§ **DATA UNDER STUDY**
____

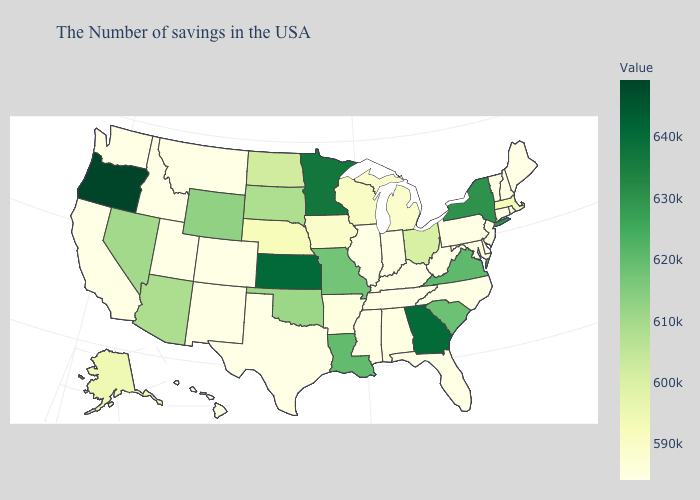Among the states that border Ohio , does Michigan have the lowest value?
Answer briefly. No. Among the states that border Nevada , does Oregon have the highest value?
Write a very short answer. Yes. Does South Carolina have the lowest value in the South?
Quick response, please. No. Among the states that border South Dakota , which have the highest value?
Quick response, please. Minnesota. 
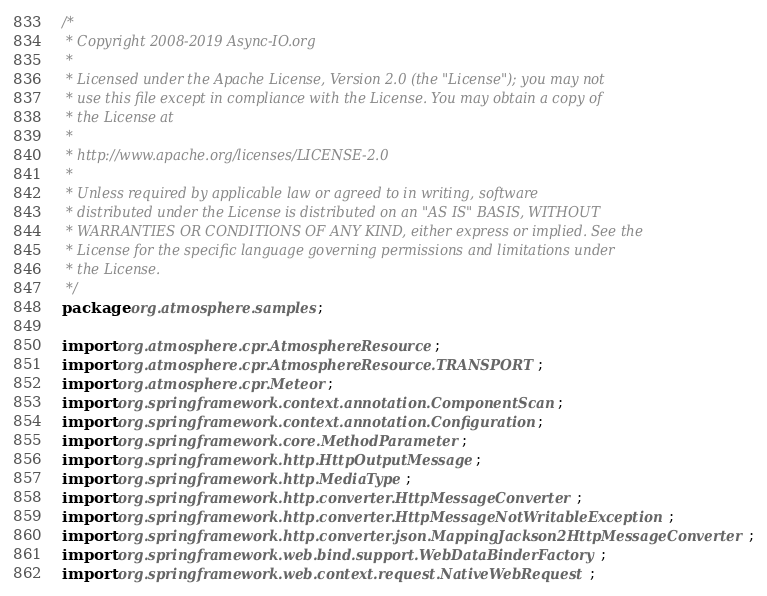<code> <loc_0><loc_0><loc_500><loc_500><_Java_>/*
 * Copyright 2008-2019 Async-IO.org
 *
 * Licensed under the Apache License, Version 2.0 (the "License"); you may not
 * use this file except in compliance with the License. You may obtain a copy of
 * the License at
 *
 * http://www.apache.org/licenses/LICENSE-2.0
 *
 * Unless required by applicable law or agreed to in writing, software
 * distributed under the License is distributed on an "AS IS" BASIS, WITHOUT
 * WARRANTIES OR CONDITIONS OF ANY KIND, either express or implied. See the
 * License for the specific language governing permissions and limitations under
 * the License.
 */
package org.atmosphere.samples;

____

From the line that contains "Copyright 2008-2019 Async-IO.org" through the end of the records above, print every line exactly and nothing else.

§ **TASK ANSWER**
 * Copyright 2008-2019 Async-IO.org
 *
 * Licensed under the Apache License, Version 2.0 (the "License"); you may not
 * use this file except in compliance with the License. You may obtain a copy of
 * the License at
 *
 * http://www.apache.org/licenses/LICENSE-2.0
 *
 * Unless required by applicable law or agreed to in writing, software
 * distributed under the License is distributed on an "AS IS" BASIS, WITHOUT
 * WARRANTIES OR CONDITIONS OF ANY KIND, either express or implied. See the
 * License for the specific language governing permissions and limitations under
 * the License.
 */
package org.atmosphere.samples;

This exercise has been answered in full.